Ruth Scurr

November 9, 2006

Admissions tutors and officers nationwide are now carefully considering piles of files from the Universities and Colleges Admissions Service. Some of those piles are noticeably smaller today than they have been in previous years. Recent changes in higher education funding continue to provoke concern over the falling numbers of applicants to our universities, but behind such politically fraught debates there is still the perennial question: how can we motivate talented pupils from state schools to apply to leading universities?

Open days are well intentioned and can be a great source of inspiration. They can also be intimidating. I remember my first visit to an Oxford college, where a wiry female don sat amid a sea of books and explained that she was looking to admit "intellectuals". "Not me, then," I thought.

What changed my mind was a place on Eton College's Universities Summer School. The summer school, which was set up in 1982, offered ten days of intensive tuition to promising children at local state schools The residential course (which was, and is, funded primarily by Eton) gives 120 sixthformers the opportunity to study their putative university subject in small groups of highly talented peers under the supervision of Eton's estimable teachers. In short, the summer school foreshadows the experience of being at university.

In terms of confidence building, nothing matches it. Unlike open days, which are organised by universities to encourage prospective applicants to "come and discover us" (on the model of English Heritage or National Trust sites), the summer school takes outstanding children and proves to them that they are able to thrive in a mock-university environment.J The syllabus for each subject is designed to complement and extend A-level work. The summer school is decidedly not a crammer or revision course.

Instead, it introduces pupils to the thrill of wider horizons, the possibility of challenging the limitations of their examination curriculum, and straying, experimentally, into the further reaches of their favourite subject.

In a small enough group and with enough encouragement, the shyest of sixthformers will discover that their contribution can match those of their peers. Detailed comments on written work, liberated from the structure of AS modules, gives a taste of the freedom and frankness of exchange that universities can provide. Probably for the first time in their lives, children at the Eton summer school discover what it means to pursue knowledge for its own sake.

Of course, there are more worldly things on offer, too: advice on preparing personal statements for the Ucas form, mock entrance interviews, and even the opportunity for informal discussion with visiting dons. Then there is what one Eton teacher described as "the inevitable summer-school romance": the pair of pupils who quickly decide that, to one another, they are even more fascinating than the wealth of opportunities on offer. This, too, confirms the summer school's status as a replica of a university.

Finally, there is the motivating power of envy to consider.
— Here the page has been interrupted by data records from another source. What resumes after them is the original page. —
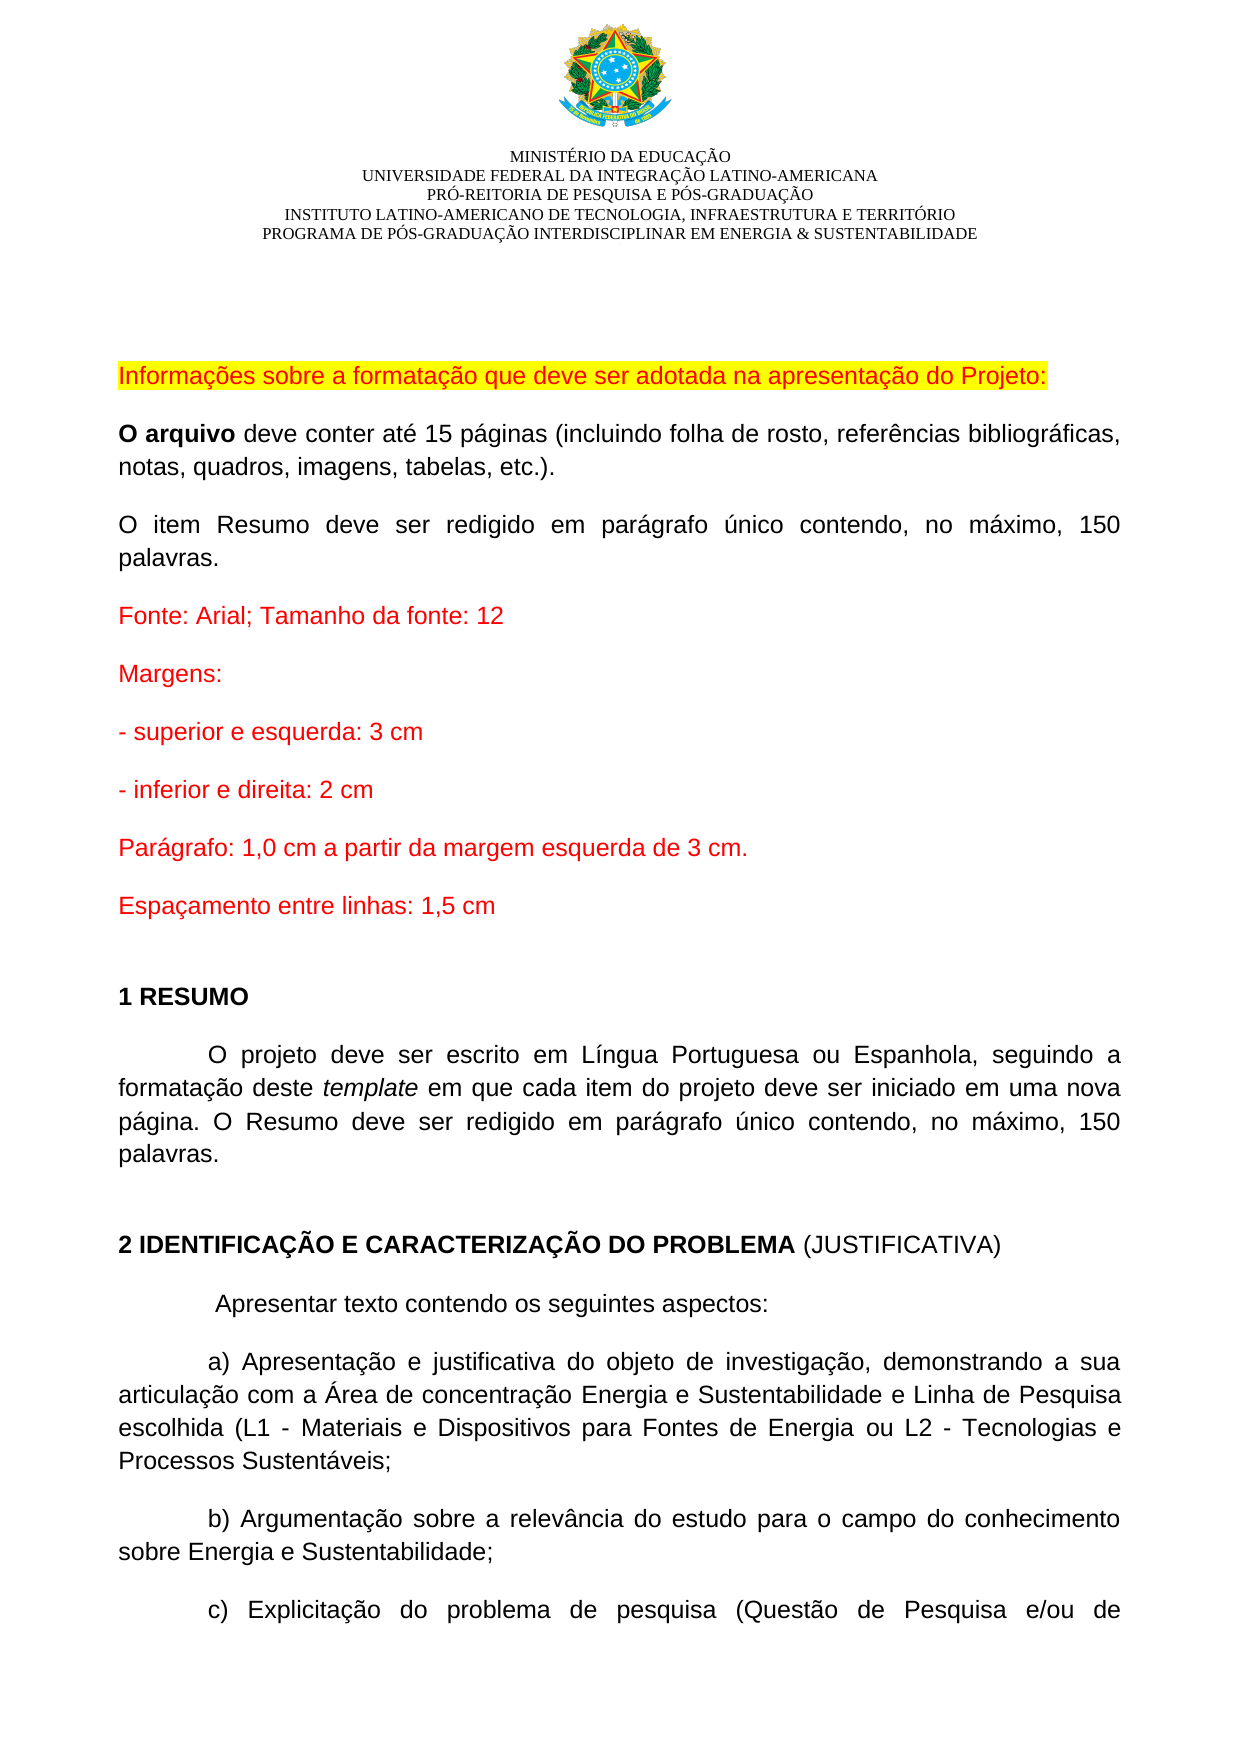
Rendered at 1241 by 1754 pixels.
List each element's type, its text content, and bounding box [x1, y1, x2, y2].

picture [643, 113, 651, 119]
picture [638, 106, 651, 114]
text Fonte: Arial; Tamanho da fonte: 12 [118, 601, 1122, 630]
text 1 RESUMO [118, 982, 1122, 1011]
text Espaçamento entre linhas: 1,5 cm [118, 891, 1122, 920]
text O arquivo deve conter até 15 páginas (incluindo folha de rosto, referências bibliográficas, notas, quadros, imagens, tabelas, etc.). [118, 419, 1122, 481]
picture [558, 24, 672, 127]
text Margens: [118, 659, 1122, 688]
text O projeto deve ser escrito em Língua Portuguesa ou Espanhola, seguindo a formatação deste template em que cada item do projeto deve ser iniciado em uma nova página. O Resumo deve ser redigido em parágrafo único contendo, no máximo, 150 palavras. [118, 1040, 1122, 1168]
text Informações sobre a formatação que deve ser adotada na apresentação do Projeto: [118, 361, 1122, 390]
text - inferior e direita: 2 cm [118, 775, 1122, 804]
text Parágrafo: 1,0 cm a partir da margem esquerda de 3 cm. [118, 833, 1122, 862]
text c) Explicitação do problema de pesquisa (Questão de Pesquisa e/ou de [118, 1595, 1122, 1623]
text O item Resumo deve ser redigido em parágrafo único contendo, no máximo, 150 palavras. [118, 510, 1122, 572]
text a) Apresentação e justificativa do objeto de investigação, demonstrando a sua articulação com a Área de concentração Energia e Sustentabilidade e Linha de Pesquisa escolhida (L1 - Materiais e Dispositivos para Fontes de Energia ou L2 - Tecnologias e Processos Sustentáveis; [118, 1347, 1122, 1474]
text b) Argumentação sobre a relevância do estudo para o campo do conhecimento sobre Energia e Sustentabilidade; [118, 1504, 1122, 1565]
text - superior e esquerda: 3 cm [118, 717, 1122, 746]
text 2 IDENTIFICAÇÃO E CARACTERIZAÇÃO DO PROBLEMA (JUSTIFICATIVA) [118, 1231, 1122, 1259]
text Apresentar texto contendo os seguintes aspectos: [118, 1288, 1122, 1317]

I remember thinking as the precious ten days drew to a close how unfair it was that those Eton boys in their tail suits would soon be back from their expensive holidays to enjoy at their leisure the privilege of such exciting tuition.
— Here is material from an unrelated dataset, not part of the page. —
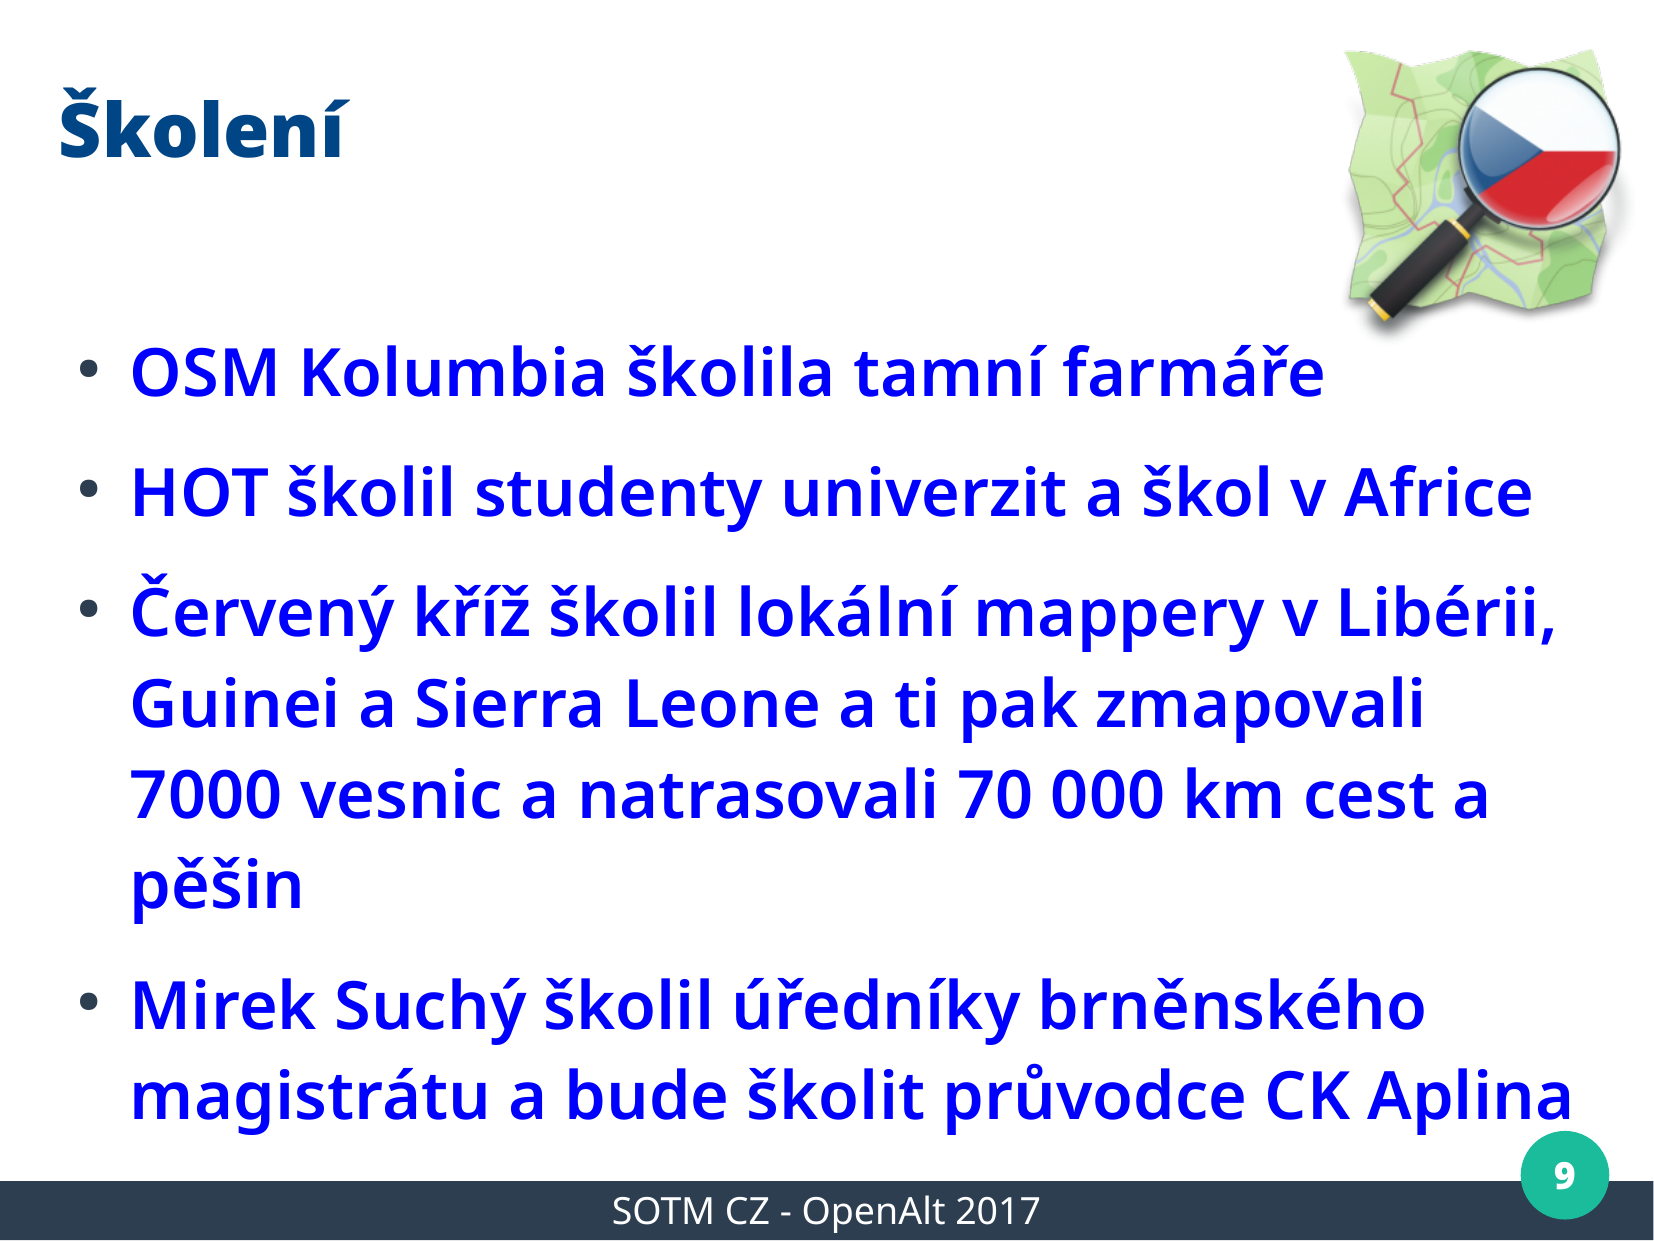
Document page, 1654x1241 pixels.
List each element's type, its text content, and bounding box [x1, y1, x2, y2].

picture [1334, 49, 1635, 350]
title Školení [59, 49, 1347, 207]
list OSM Kolumbia školila tamní farmáře HOT školil studenty univerzit a škol v Africe Červený kříž školil lokální mappery v Libérii, Guinei a Sierra Leone a ti pak zmapovali 7000 vesnic a natrasovali 70 000 km cest a pěšin Mirek Suchý školil úředníky brněnského magistrátu a bude školit průvodce CK Aplina [59, 324, 1595, 1152]

We got just over a week - they got eight years.

In retrospect, I realise my sense of injustice was, at least in part, misplaced. I imagined Eton was always as wonderful as its summer school. I imagined term after term of intense tuition and academic inquiry under the auspices of inspired teachers encouraging their pupils to reach for the stars. I imagined an archetypal Oxbridge college because that was what Eton had been while the summer school lasted.

Recently I went back and talked to the teachers at Eton currently involved in organising the initiative. Without exception, they confirmed that teaching on the summer school was a deeply motivating and rewarding experience; one described it as professionally refreshing as a return to university itself. A room full of outstanding and challenging pupils, keen to extract everything they can from their teacher in a limited amount of time is as rare in the private sector as it is in the state.

It would be a fine thing if other prestigious public schools chose to organise summer schools on the Eton model. Perhaps some of them already do? Eton can offer only 120 places each summer, and there are many more prospective applicants from the state sector who need a boost to their confidence in the months before their Ucas forms are due. The summer school is a tried and tested way of bolstering those admissions piles. I write from grateful experience.

Ruth Scurr is an affiliated lecturer in the politics department, Cambridge University, and a fellow of and director of studies at Gonville and Caius College.